FPWR thesis for this strangle

The market-implied 1-standard-deviation range for FPWR extends from approximately $34.00 on the downside to $39.88 on the upside. A FPWR long strangle is the OTM cousin of the straddle: lower up-front cost but the underlying has to travel further past either OTM strike before the position turns profitable at expiration. Current FPWR IV rank near 29.54% sits in the lower third of its 1-year distribution, where IV often re-expands toward the mean; this favors premium-buying structures and disadvantages premium-selling structures on FPWR at 27.80%. As a Financial Services name, FPWR options can move on sector-level news flow (peer earnings, regulatory updates, industry-specific macro data) in addition to FPWR-specific events.

FPWR strangle positions are structurally neutral / high-volatility (long premium, OTM); the modeled P&L assumes European-style exercise at expiration and ignores early assignment, transaction costs, dividends paid before expiry on the stock leg (when present), and the bid-ask spread on the listed chain. FPWR positions also carry Financial Services sector concentration risk; news flow inside the sector (peer earnings, regulatory shifts, supply-chain headlines) can move FPWR alongside the broader basket even when FPWR-specific fundamentals are unchanged. Always rebuild the position from current FPWR chain quotes before placing a trade.

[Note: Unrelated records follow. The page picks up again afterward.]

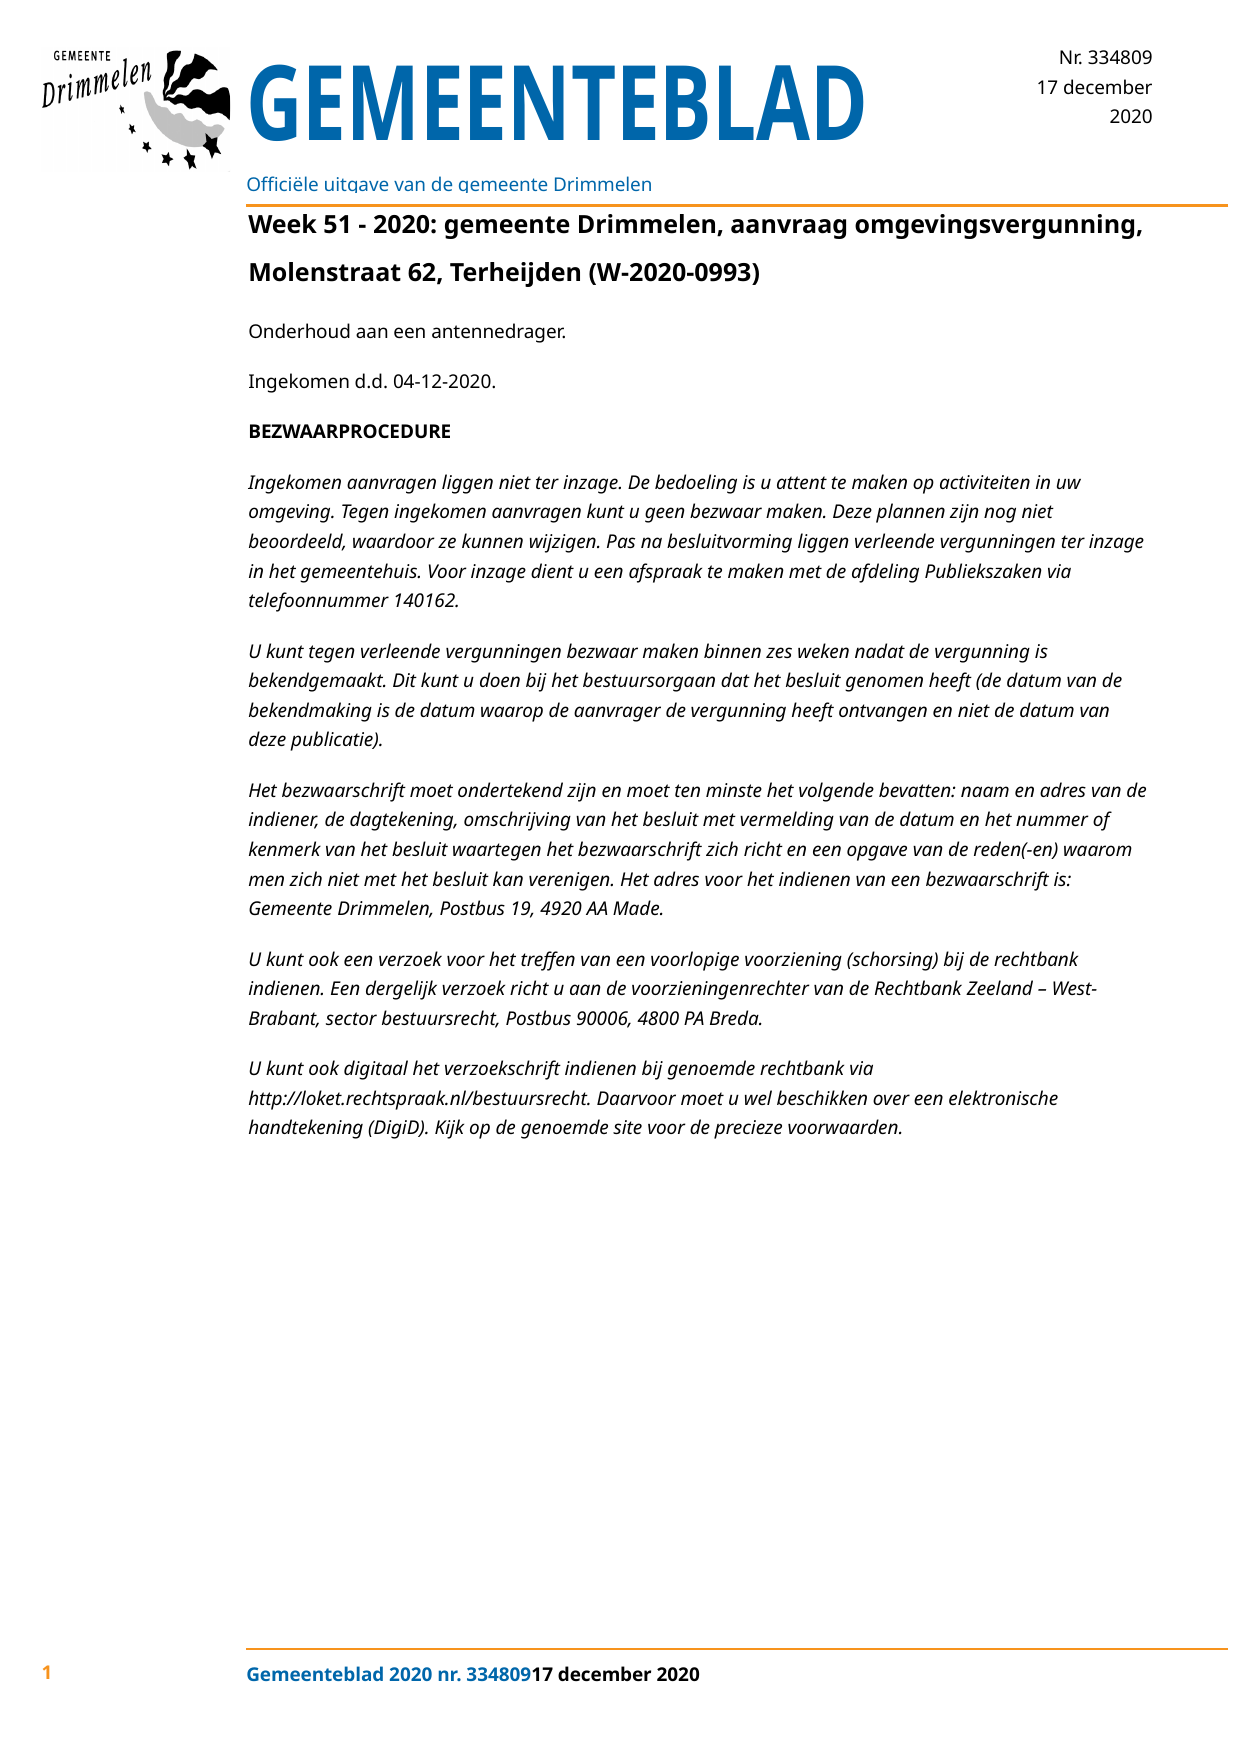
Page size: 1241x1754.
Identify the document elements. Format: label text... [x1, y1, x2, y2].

text U kunt tegen verleende vergunningen bezwaar maken binnen zes weken nadat de vergunning is bekendgemaakt. Dit kunt u doen bij het bestuursorgaan dat het besluit genomen heeft (de datum van de bekendmaking is de datum waarop de aanvrager de vergunning heeft ontvangen en niet de datum van deze publicatie). [248, 638, 1152, 752]
text Ingekomen aanvragen liggen niet ter inzage. De bedoeling is u attent te maken op activiteiten in uw omgeving. Tegen ingekomen aanvragen kunt u geen bezwaar maken. Deze plannen zijn nog niet beoordeeld, waardoor ze kunnen wijzigen. Pas na besluitvorming liggen verleende vergunningen ter inzage in het gemeentehuis. Voor inzage dient u een afspraak te maken met de afdeling Publiekszaken via telefoonnummer 140162. [248, 469, 1152, 613]
text Onderhoud aan een antennedrager. [248, 318, 1152, 344]
text U kunt ook digitaal het verzoekschrift indienen bij genoemde rechtbank via http://loket.rechtspraak.nl/bestuursrecht. Daarvoor moet u wel beschikken over een elektronische handtekening (DigiD). Kijk op de genoemde site voor de precieze voorwaarden. [248, 1055, 1152, 1140]
text Het bezwaarschrift moet ondertekend zijn en moet ten minste het volgende bevatten: naam en adres van de indiener, de dagtekening, omschrijving van het besluit met vermelding van de datum en het nummer of kenmerk van het besluit waartegen het bezwaarschrift zich richt en een opgave van de reden(-en) waarom men zich niet met het besluit kan verenigen. Het adres voor het indienen van een bezwaarschrift is: Gemeente Drimmelen, Postbus 19, 4920 AA Made. [248, 777, 1152, 921]
text Ingekomen d.d. 04-12-2020. [248, 368, 1152, 394]
text Week 51 - 2020: gemeente Drimmelen, aanvraag omgevingsvergunning, Molenstraat 62, Terheijden (W-2020-0993) [248, 207, 1152, 288]
text U kunt ook een verzoek voor het treffen van een voorlopige voorziening (schorsing) bij de rechtbank indienen. Een dergelijk verzoek richt u aan de voorzieningenrechter van de Rechtbank Zeeland – West-Brabant, sector bestuursrecht, Postbus 90006, 4800 PA Breda. [248, 946, 1152, 1031]
text BEZWAARPROCEDURE [248, 419, 1152, 444]
picture [41, 47, 231, 172]

Frequently asked questions

What is a strangle on FPWR?
A strangle on FPWR is the strangle strategy applied to FPWR (etf). The strategy is structurally neutral / high-volatility (long premium, OTM): A long strangle buys an OTM call and an OTM put at offset strikes, cheaper than a straddle but requiring a larger underlying move to profit since both wings start out-of-the-money. With FPWR etf trading near $36.94, the strikes shown on this page are snapped to the nearest listed FPWR chain strike and the premiums come straight from the end-of-day bid/ask midpoint.

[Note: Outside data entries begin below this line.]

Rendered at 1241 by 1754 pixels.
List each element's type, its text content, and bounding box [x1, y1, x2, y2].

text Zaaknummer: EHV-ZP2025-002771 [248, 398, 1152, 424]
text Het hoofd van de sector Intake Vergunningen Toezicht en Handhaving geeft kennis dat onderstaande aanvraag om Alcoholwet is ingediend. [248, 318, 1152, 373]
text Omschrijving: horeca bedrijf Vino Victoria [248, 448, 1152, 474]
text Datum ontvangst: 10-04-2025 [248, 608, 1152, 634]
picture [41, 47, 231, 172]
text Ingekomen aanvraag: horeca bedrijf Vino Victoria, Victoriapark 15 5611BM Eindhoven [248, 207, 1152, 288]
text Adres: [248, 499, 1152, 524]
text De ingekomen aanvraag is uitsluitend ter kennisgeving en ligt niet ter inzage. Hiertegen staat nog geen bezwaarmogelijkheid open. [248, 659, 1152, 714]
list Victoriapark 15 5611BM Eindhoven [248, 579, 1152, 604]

How are FPWR strangle max profit and max loss calculated?
Upside max profit is unbounded; downside max profit is bounded at the put strike minus the combined debit (reached at zero). Max loss equals the combined debit times 100 (reached anywhere between the two OTM strikes). Two breakevens at call-strike plus debit and put-strike minus debit. For the FPWR strangle priced from the end-of-day chain at a 30-day expiry (ATM IV 27.80%), the computed maximum profit is unbounded per contract and the computed maximum loss is unbounded per contract. Live intraday quotes will differ as the chain moves through the trading session.

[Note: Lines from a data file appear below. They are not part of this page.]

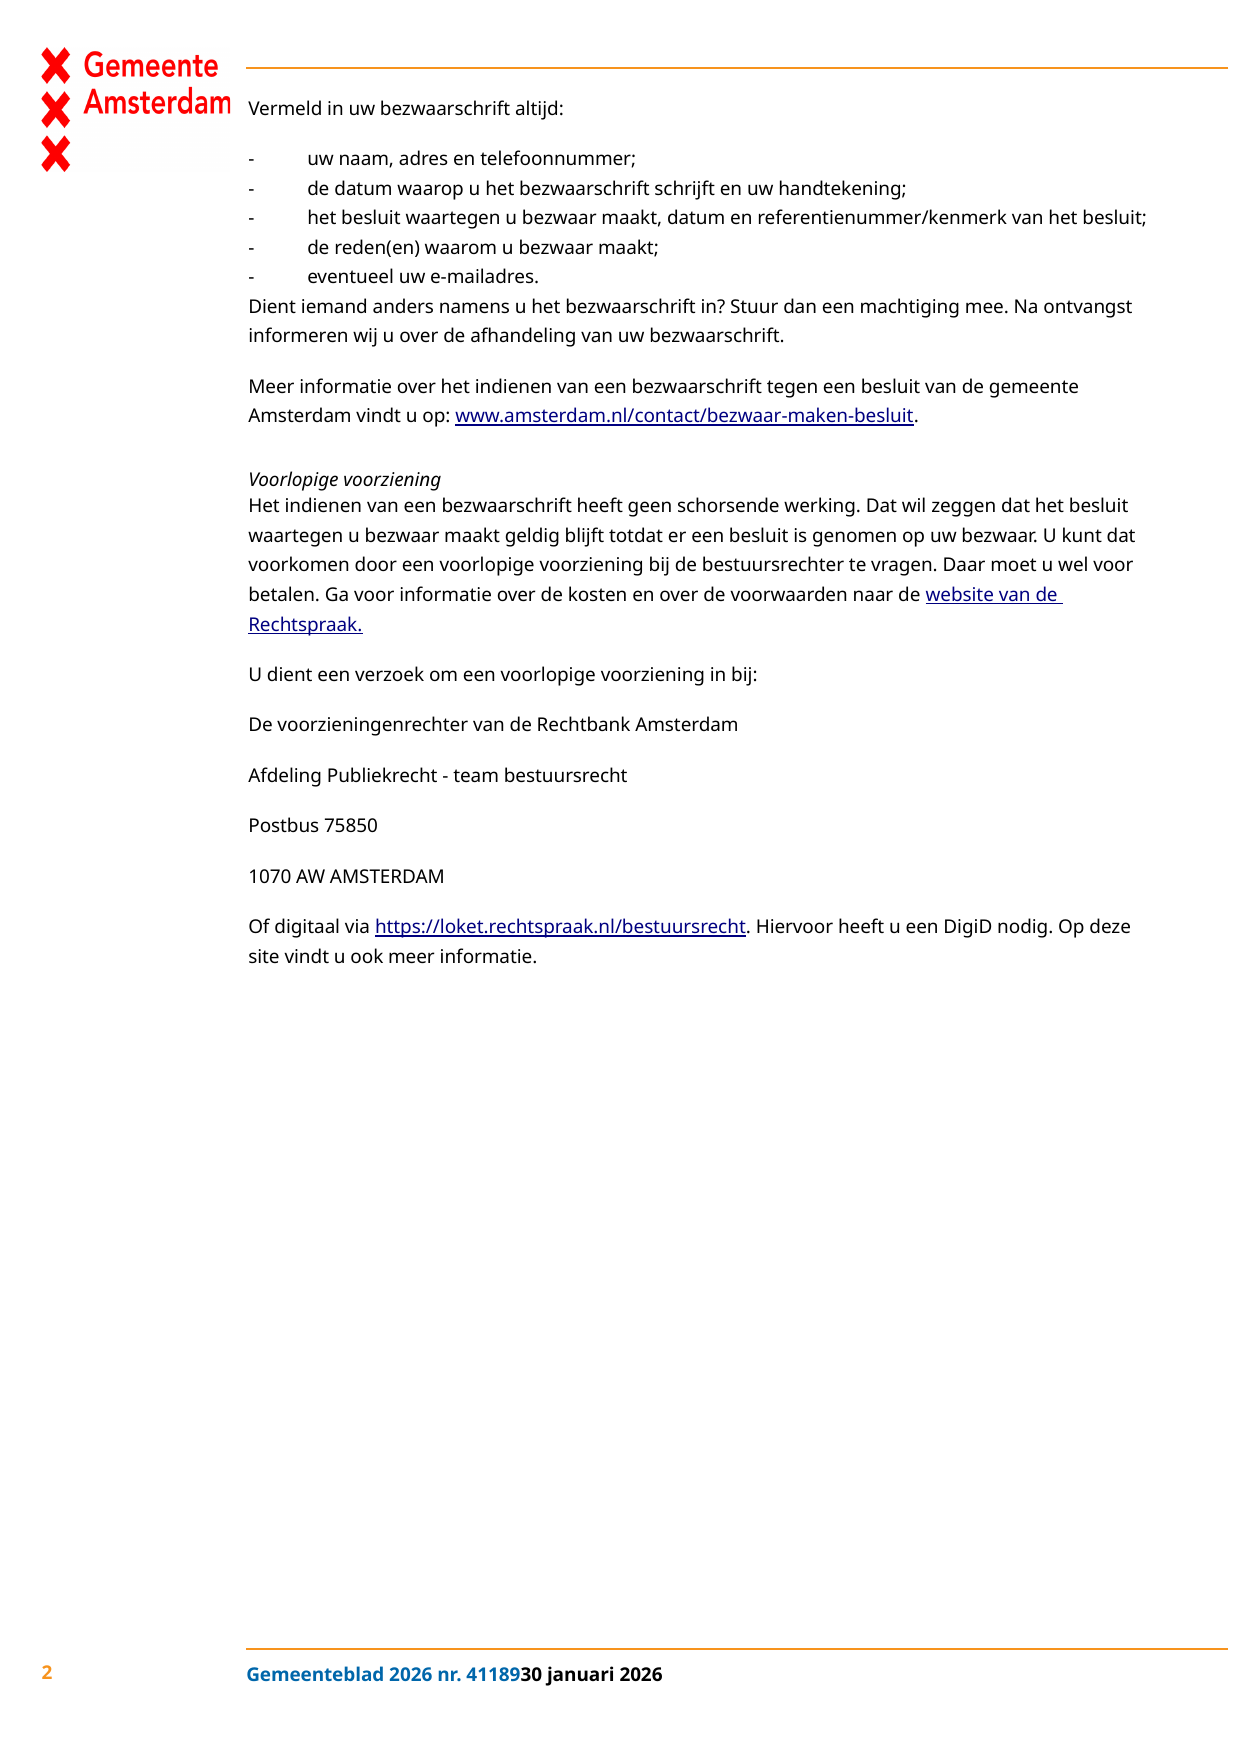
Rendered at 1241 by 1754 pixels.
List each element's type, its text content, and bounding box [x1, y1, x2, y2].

text U dient een verzoek om een voorlopige voorziening in bij: [248, 661, 1152, 687]
text Postbus 75850 [248, 812, 1152, 838]
list het besluit waartegen u bezwaar maakt, datum en referentienummer/kenmerk van het besluit; [248, 204, 1152, 230]
list uw naam, adres en telefoonnummer; [248, 145, 1152, 171]
text Het indienen van een bezwaarschrift heeft geen schorsende werking. Dat wil zeggen dat het besluit waartegen u bezwaar maakt geldig blijft totdat er een besluit is genomen op uw bezwaar. U kunt dat voorkomen door een voorlopige voorziening bij de bestuursrechter te vragen. Daar moet u wel voor betalen. Ga voor informatie over de kosten en over de voorwaarden naar de website van de Rechtspraak. [248, 492, 1152, 636]
list de datum waarop u het bezwaarschrift schrijft en uw handtekening; [248, 175, 1152, 201]
list eventueel uw e-mailadres. [248, 263, 1152, 289]
text Vermeld in uw bezwaarschrift altijd: [248, 95, 1152, 121]
list de reden(en) waarom u bezwaar maakt; [248, 234, 1152, 260]
picture [41, 47, 231, 172]
text Dient iemand anders namens u het bezwaarschrift in? Stuur dan een machtiging mee. Na ontvangst informeren wij u over de afhandeling van uw bezwaarschrift. [248, 293, 1152, 348]
text Afdeling Publiekrecht - team bestuursrecht [248, 762, 1152, 788]
text De voorzieningenrechter van de Rechtbank Amsterdam [248, 712, 1152, 737]
text 1070 AW AMSTERDAM [248, 863, 1152, 888]
text Meer informatie over het indienen van een bezwaarschrift tegen een besluit van de gemeente Amsterdam vindt u op: www.amsterdam.nl/contact/bezwaar-maken-besluit. [248, 373, 1152, 428]
text Voorlopige voorziening [248, 467, 1152, 492]
text Of digitaal via https://loket.rechtspraak.nl/bestuursrecht. Hiervoor heeft u een DigiD nodig. Op deze site vindt u ook meer informatie. [248, 913, 1152, 968]

What is the breakeven for a FPWR strangle?
The breakeven for the FPWR strangle priced on this page is no defined breakeven on the modeled curve at expiration, derived from end-of-day chain premiums. Breakeven is the underlying price at which the strategy's P&L crosses zero ignoring transaction costs and assignment risk. The current FPWR market-implied 1-standard-deviation expected move is approximately 7.97%; if the move sits well outside the breakeven distance, the structure's risk-reward becomes correspondingly tighter.
When should you consider a strangle on FPWR?
Strangles on FPWR are the cheaper cousin of the straddle - traders use them when they want a large directional move but are willing to give up the inner-strike sensitivity in exchange for a lower up-front debit on the FPWR chain.
How does current FPWR implied volatility affect this strangle?
FPWR ATM IV is at 27.80% with IV rank near 29.54%, which is on the low end of its 1-year range. Premium-buying structures (long call, long put, debit spreads) are relatively cheap in this regime; premium-selling structures collect less credit per unit risk.